FIGURE 7. UCH37 Potentiates Proteasomal Degradation in Cells.
(A) Steady-state levels of Ub conjugates were assessed in WT and UCH37KO cells using the indicated antibodies. WT and UCH37KO cells were transfected with inactive (C88A and C88S) and active forms of UCH37 and the levels of Ub conjugates were also probed.
(B) Schematic for GFPu turnover in cells.
(C) Fluorescence histograms of WT HEK293 GFPu cells, UCH37KO GFPu cells, and UCH37KO GFPu cells expressing either WT UCH37 (UCH37KO + WT UCH37) or inactive UCH37 (UCH37KO + UCH37 C88S). Mean GFP fluorescence measured in 2 independent experiments.
(D) Schematic for measuring global protein turnover using azidohomoalanine (AHA) labeling of newly synthesized proteins in cells. AHA incorporated proteins were labeled with DBCO-Cy5, separated by SDS-PAGE and visualized by Cy5 fluorescence.

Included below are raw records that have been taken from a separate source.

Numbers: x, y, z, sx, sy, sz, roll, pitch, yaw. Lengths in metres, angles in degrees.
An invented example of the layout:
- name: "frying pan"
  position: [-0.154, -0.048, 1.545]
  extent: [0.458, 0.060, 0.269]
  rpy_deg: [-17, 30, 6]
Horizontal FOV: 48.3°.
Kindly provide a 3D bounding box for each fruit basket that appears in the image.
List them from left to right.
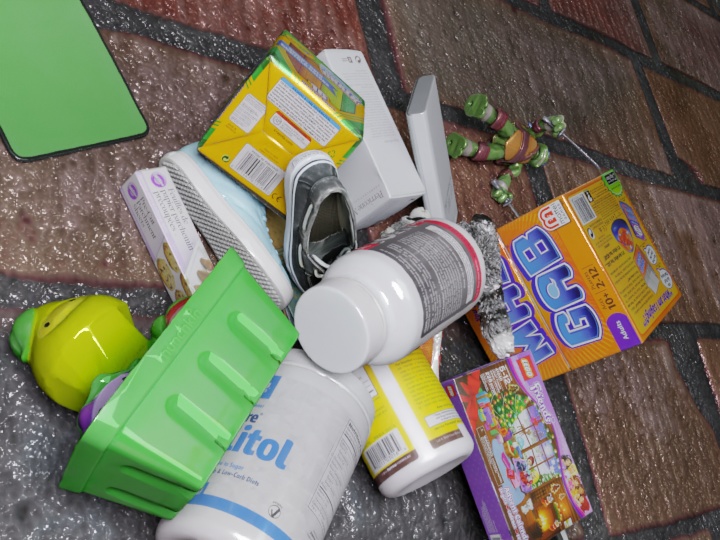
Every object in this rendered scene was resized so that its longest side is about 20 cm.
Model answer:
- name: "fruit basket"
  position: [-0.182, 0.072, 0.642]
  extent: [0.215, 0.156, 0.216]
  rpy_deg: [15, 54, -21]

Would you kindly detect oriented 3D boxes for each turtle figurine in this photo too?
- name: "turtle figurine"
  position: [0.238, -0.174, 1.201]
  extent: [0.194, 0.144, 0.200]
  rpy_deg: [16, 54, -32]

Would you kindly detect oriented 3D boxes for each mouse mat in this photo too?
- name: "mouse mat"
  position: [-0.316, -0.208, 0.800]
  extent: [0.161, 0.008, 0.200]
  rpy_deg: [-26, 85, -47]

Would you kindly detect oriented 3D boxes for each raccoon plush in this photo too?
- name: "raccoon plush"
  position: [0.097, 0.009, 0.943]
  extent: [0.134, 0.097, 0.200]
  rpy_deg: [-7, 51, -2]

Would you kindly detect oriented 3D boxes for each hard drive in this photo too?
- name: "hard drive"
  position: [0.095, -0.133, 1.036]
  extent: [0.132, 0.026, 0.200]
  rpy_deg: [-73, 153, -56]

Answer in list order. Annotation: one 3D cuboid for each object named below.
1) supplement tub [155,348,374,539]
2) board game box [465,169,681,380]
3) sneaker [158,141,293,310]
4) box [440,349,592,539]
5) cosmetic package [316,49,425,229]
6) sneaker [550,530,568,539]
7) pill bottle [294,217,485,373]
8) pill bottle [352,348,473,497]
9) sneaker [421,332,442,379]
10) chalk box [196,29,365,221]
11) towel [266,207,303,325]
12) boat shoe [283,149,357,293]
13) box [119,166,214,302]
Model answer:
- name: "supplement tub"
  position: [-0.079, 0.183, 0.716]
  extent: [0.132, 0.132, 0.200]
  rpy_deg: [44, 44, -17]
- name: "board game box"
  position: [0.268, 0.012, 1.071]
  extent: [0.200, 0.200, 0.200]
  rpy_deg: [-24, 85, -53]
- name: "sneaker"
  position: [-0.120, -0.054, 0.842]
  extent: [0.082, 0.074, 0.200]
  rpy_deg: [-38, 96, -33]
- name: "box"
  position: [0.173, 0.202, 0.905]
  extent: [0.137, 0.039, 0.200]
  rpy_deg: [-14, 80, -40]
- name: "cosmetic package"
  position: [-0.012, -0.159, 0.990]
  extent: [0.074, 0.102, 0.200]
  rpy_deg: [-15, 77, -45]
- name: "sneaker"
  position: [0.211, 0.241, 0.996]
  extent: [0.121, 0.084, 0.200]
  rpy_deg: [-35, 92, -38]
- name: "pill bottle"
  position: [0.030, 0.024, 0.768]
  extent: [0.200, 0.111, 0.111]
  rpy_deg: [-27, 87, -51]
- name: "pill bottle"
  position: [0.026, 0.127, 0.846]
  extent: [0.109, 0.109, 0.200]
  rpy_deg: [-7, 60, -45]
- name: "sneaker"
  position: [0.056, 0.130, 0.932]
  extent: [0.077, 0.073, 0.200]
  rpy_deg: [4, 64, -10]
- name: "chalk box"
  position: [-0.077, -0.167, 0.869]
  extent: [0.124, 0.124, 0.200]
  rpy_deg: [38, 21, -17]
- name: "towel"
  position: [-0.071, -0.041, 0.929]
  extent: [0.147, 0.022, 0.200]
  rpy_deg: [-16, 77, -47]
- name: "boat shoe"
  position: [-0.039, -0.024, 0.806]
  extent: [0.072, 0.200, 0.071]
  rpy_deg: [-20, 50, -10]
- name: "box"
  position: [-0.175, -0.005, 0.796]
  extent: [0.039, 0.041, 0.200]
  rpy_deg: [-21, 84, -47]
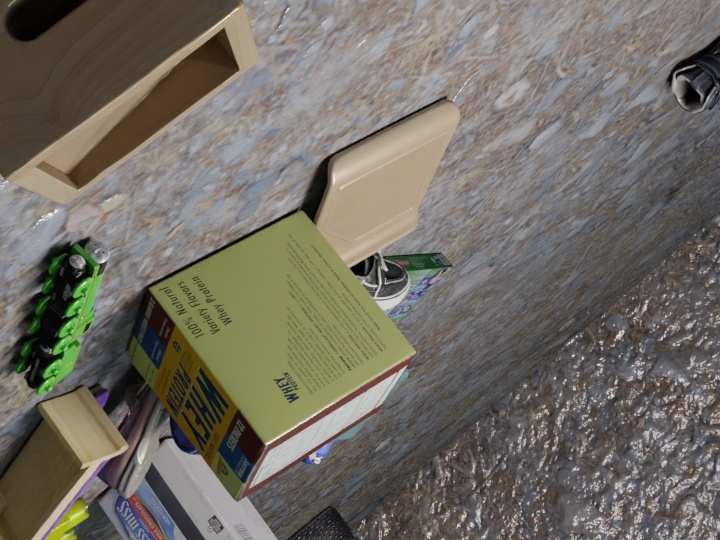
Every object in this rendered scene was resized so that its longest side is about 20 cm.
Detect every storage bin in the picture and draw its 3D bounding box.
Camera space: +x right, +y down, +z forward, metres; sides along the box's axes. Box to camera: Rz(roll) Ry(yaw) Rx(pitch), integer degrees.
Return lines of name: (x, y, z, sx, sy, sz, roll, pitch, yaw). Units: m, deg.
storage bin: (-0.109, 0.625, 3.053, 0.199, 0.094, 0.135, -38, 165, -4)

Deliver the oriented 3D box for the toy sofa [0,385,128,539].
toy sofa: (-0.321, 0.215, 1.454, 0.097, 0.083, 0.200, -15, 151, -54)

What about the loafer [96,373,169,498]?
loafer: (-0.241, 0.155, 1.506, 0.201, 0.062, 0.072, -65, 174, 19)

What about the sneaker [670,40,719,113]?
sneaker: (0.539, -0.310, 2.008, 0.146, 0.077, 0.203, -27, 161, -46)

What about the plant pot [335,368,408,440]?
plant pot: (-0.077, 0.127, 1.681, 0.199, 0.142, 0.141, -8, 146, -49)

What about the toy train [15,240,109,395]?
toy train: (-0.258, 0.042, 1.207, 0.056, 0.042, 0.200, -39, 168, -41)

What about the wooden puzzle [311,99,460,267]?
wooden puzzle: (0.013, -0.085, 1.491, 0.184, 0.037, 0.201, -30, 154, -32)

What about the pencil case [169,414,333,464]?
pencil case: (-0.113, 0.171, 1.516, 0.199, 0.087, 0.078, 13, 128, -43)

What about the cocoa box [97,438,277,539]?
cocoa box: (-0.219, 0.336, 1.800, 0.131, 0.200, 0.133, -41, 165, 9)

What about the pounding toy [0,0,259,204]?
pounding toy: (-0.181, -0.134, 0.777, 0.199, 0.143, 0.184, -36, 179, -2)

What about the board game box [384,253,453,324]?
board game box: (0.038, 0.034, 1.886, 0.135, 0.029, 0.200, -45, 164, 20)

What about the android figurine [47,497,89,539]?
android figurine: (-0.420, 0.342, 1.650, 0.199, 0.041, 0.182, -28, 161, -39)

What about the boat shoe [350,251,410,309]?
boat shoe: (-0.002, -0.002, 1.621, 0.198, 0.074, 0.068, 3, 131, -46)

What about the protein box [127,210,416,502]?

(E) Cy5 fluorescence analysis of the turnover of AHA-labeled proteins at different chase times in WT, UCH37KO, and UCH37KO HEK293 FT cells expressing WT UCH37 or inactive UCH37 C88S (top) with corresponding Sypro total protein stain (bottom).
(F) Densitometric quantification of AHA labeled proteins with molecular weights ≤ 50 kDa. Values at each time point are adjusted relative to total protein. Results are shown as mean ± SEM from 3 independent experiments.
(G) Model showing UCH37-catalyzed Ub chain debranching promotes proteasomal degradation.